## Description of the task
In the copy, keep the lines from the first line of the material below through the line containing "msp = doc.modelspace()" exactly as they are, and include no pictures.

## Task data
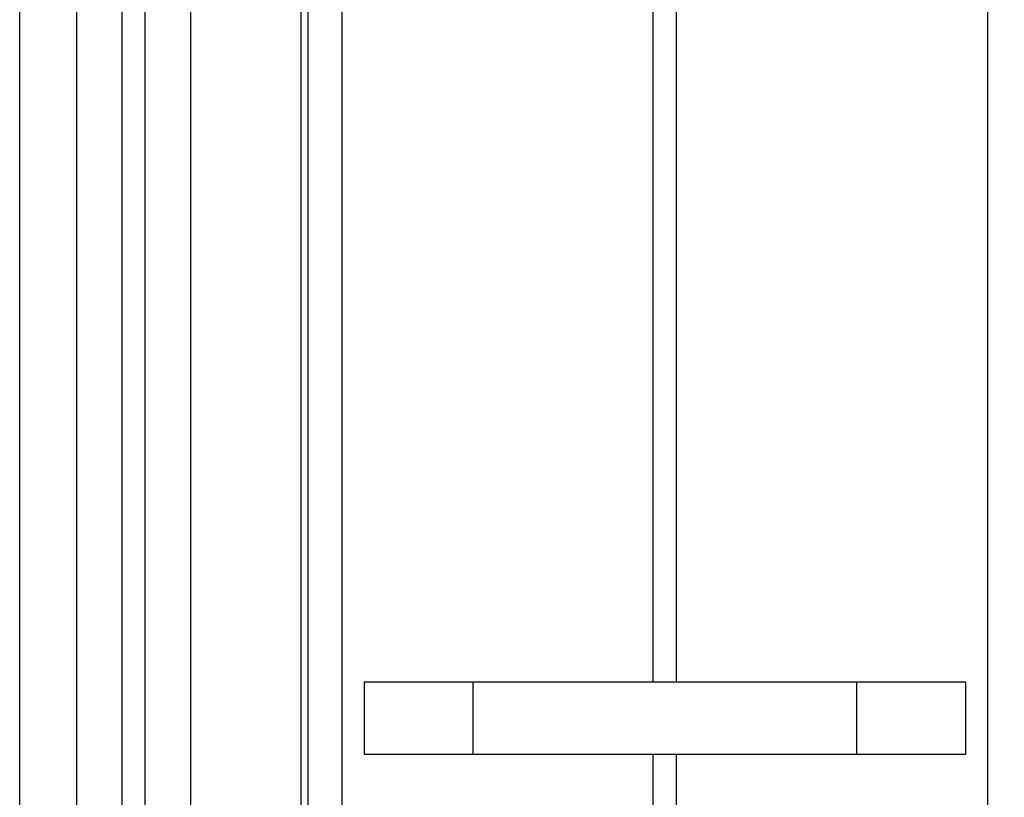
# Model space of a CAD drawing. Header units: inches. Extents: x 0.2 to 16.8, y 0.1 to 10.8.
# Tile 30 of 43: x 9.606 to 9.865, y 5.902 to 6.107. Entities that reach past the tile are written whole.
import ezdxf

# ---------------------------------------------------------------- set-up
doc = ezdxf.new("R2010")
doc.units = ezdxf.units.IN
doc.header["$LTSCALE"] = 0.935
doc.header["$MEASUREMENT"] = 0
doc.layers.get('0').update_dxf_attribs({"linetype": 'CONTINUOUS'})
doc.layers.add('DIMENSIONS', color=7, linetype='CONTINUOUS')
doc.styles.get("Standard").update_dxf_attribs({"font": 'txt', "width": 0.8})
doc.dimstyles.new('DIMSTYLE_2', dxfattribs={"dimtxt": 0.125, "dimasz": 0.18, "dimexe": 0.18, "dimexo": 0.0625, "dimgap": 0.09, "dimtad": 0, "dimtih": 1, "dimtoh": 1, "dimdec": 3, "dimzin": 4, "dimdsep": 46, "dimtxsty": 'STANDARD', "dimblk": '_FILLED', "dimblk1": '_FILLED', "dimblk2": '_FILLED', "dimcen": 0.09, "dimadec": 0, "dimazin": 0, "dimtp": 0.01, "dimtm": 0.01, "dimtfac": 1, "dimtdec": 3, "dimtofl": 0, "dimtmove": 0, "dimatfit": 3, "dimldrblk": '_FILLED', "dimfxl": 1, "dimtolj": 1, "dimtzin": 4, "dimarcsym": 0})

# ---------------------------------------------------------------- blocks, each defined once
blk = doc.blocks.new('_FILLED')
at = {"color": 0, "linetype": 'BYBLOCK'}
blk.add_solid([(0, 0), (-1, 0.1736), (-1, -0.1736)], dxfattribs=at)
blk = doc.blocks.new('*D8')
at = {"layer": 'DIMENSIONS', "color": 2, "linetype": 'CONTINUOUS'}
for p, q in [((9.74268, 7.94095), (11.48198, 7.94095)), ((11.35698, 7.94095), (11.35698, 5.45948)), ((11.35698, 2.87604), (11.35698, 5.20948)), ((9.78348, 2.87604), (11.48198, 2.87604))]:
    blk.add_line(p, q, dxfattribs=at)
at = {"layer": 'DIMENSIONS', "color": 2, "linetype": 'CONTINUOUS', "xscale": 0.18, "yscale": 0.18, "zscale": 0.18}
for p, rotation in [((11.35698, 7.94095), 90), ((11.35698, 2.87604), 270)]:
    blk.add_blockref('_FILLED', p, dxfattribs=dict(at, rotation=rotation))
at = {"layer": 'DIMENSIONS', "color": 2, "linetype": 'CONTINUOUS', "width": 0.8}
for s, p in [('[', (11.26948, 5.27198)), (']', (11.96948, 5.27198)), ('5.065', (10.64448, 5.27198)), ('128.65', (11.36948, 5.27198))]:
    blk.add_text(s, height=0.125, dxfattribs=at).set_placement(p)

msp = doc.modelspace()

# ---------------------------------------------------------------- linework, layer by layer
at = {"color": 7, "linetype": 'CONTINUOUS'}
for p, q in [((9.62098, 7.94095), (9.62098, 2.87604)), ((9.65098, 7.94095), (9.65098, 2.87604)), ((9.60598, 2.88195), (9.60598, 7.92695)), ((9.68198, 3.52095), (9.68198, 7.52095)), ((9.69673, 5.93235), (9.69673, 5.91335)), ((9.85523, 5.93235), (9.69673, 5.93235)), ((9.72543, 5.93235), (9.72543, 5.91335)), ((9.82653, 5.93235), (9.82653, 5.91335)), ((9.85523, 5.93235), (9.85523, 5.91335)), ((9.69673, 5.91335), (9.85523, 5.91335))]:
    msp.add_line(p, q, dxfattribs=at)
at = {"color": 9, "linetype": 'CONTINUOUS'}
for p, q in [((9.63298, 2.87604), (9.63298, 7.94095)), ((9.63898, 7.94095), (9.63898, 2.87604)), ((9.68018, 3.51145), (9.68018, 7.53045)), ((9.69094, 3.52095), (9.69094, 7.52095)), ((9.86103, 7.52095), (9.86103, 3.52095)), ((9.77285, 6.1143), (9.77285, 5.93235)), ((9.77912, 5.93235), (9.77912, 6.1143)), ((9.77285, 5.91335), (9.77285, 5.7314)), ((9.77912, 5.7314), (9.77912, 5.91335))]:
    msp.add_line(p, q, dxfattribs=at)

# ---------------------------------------------------------------- dimensions: what is measured, and where the dimension line sits
at = {"layer": 'DIMENSIONS', "color": 2, "linetype": 'CONTINUOUS'}
dim = msp.add_linear_dim(base=(11.35698, 2.87604), p1=(9.74268, 7.94095), p2=(9.78348, 2.87604), angle=270, dimstyle='DIMSTYLE_2', dxfattribs=at)
dim.commit()
dim.dimension.update_dxf_attribs({"geometry": '*D8', "text_midpoint": (11.35698, 5.33448), "dimtype": 160})

doc.saveas('drawing.dxf')

## Exercise output
# Model space of a CAD drawing. Header units: inches. Extents: x 0.2 to 16.8, y 0.1 to 10.8.
# Tile 30 of 43: x 9.606 to 9.865, y 5.902 to 6.107. Entities that reach past the tile are written whole.
import ezdxf

# ---------------------------------------------------------------- set-up
doc = ezdxf.new("R2010")
doc.units = ezdxf.units.IN
doc.header["$LTSCALE"] = 0.935
doc.header["$MEASUREMENT"] = 0
doc.layers.get('0').update_dxf_attribs({"linetype": 'CONTINUOUS'})
doc.layers.add('DIMENSIONS', color=7, linetype='CONTINUOUS')
doc.styles.get("Standard").update_dxf_attribs({"font": 'txt', "width": 0.8})
doc.dimstyles.new('DIMSTYLE_2', dxfattribs={"dimtxt": 0.125, "dimasz": 0.18, "dimexe": 0.18, "dimexo": 0.0625, "dimgap": 0.09, "dimtad": 0, "dimtih": 1, "dimtoh": 1, "dimdec": 3, "dimzin": 4, "dimdsep": 46, "dimtxsty": 'STANDARD', "dimblk": '_FILLED', "dimblk1": '_FILLED', "dimblk2": '_FILLED', "dimcen": 0.09, "dimadec": 0, "dimazin": 0, "dimtp": 0.01, "dimtm": 0.01, "dimtfac": 1, "dimtdec": 3, "dimtofl": 0, "dimtmove": 0, "dimatfit": 3, "dimldrblk": '_FILLED', "dimfxl": 1, "dimtolj": 1, "dimtzin": 4, "dimarcsym": 0})

# ---------------------------------------------------------------- blocks, each defined once
blk = doc.blocks.new('_FILLED')
at = {"color": 0, "linetype": 'BYBLOCK'}
blk.add_solid([(0, 0), (-1, 0.1736), (-1, -0.1736)], dxfattribs=at)
blk = doc.blocks.new('*D8')
at = {"layer": 'DIMENSIONS', "color": 2, "linetype": 'CONTINUOUS'}
for p, q in [((9.74268, 7.94095), (11.48198, 7.94095)), ((11.35698, 7.94095), (11.35698, 5.45948)), ((11.35698, 2.87604), (11.35698, 5.20948)), ((9.78348, 2.87604), (11.48198, 2.87604))]:
    blk.add_line(p, q, dxfattribs=at)
at = {"layer": 'DIMENSIONS', "color": 2, "linetype": 'CONTINUOUS', "xscale": 0.18, "yscale": 0.18, "zscale": 0.18}
for p, rotation in [((11.35698, 7.94095), 90), ((11.35698, 2.87604), 270)]:
    blk.add_blockref('_FILLED', p, dxfattribs=dict(at, rotation=rotation))
at = {"layer": 'DIMENSIONS', "color": 2, "linetype": 'CONTINUOUS', "width": 0.8}
for s, p in [('[', (11.26948, 5.27198)), (']', (11.96948, 5.27198)), ('5.065', (10.64448, 5.27198)), ('128.65', (11.36948, 5.27198))]:
    blk.add_text(s, height=0.125, dxfattribs=at).set_placement(p)

msp = doc.modelspace()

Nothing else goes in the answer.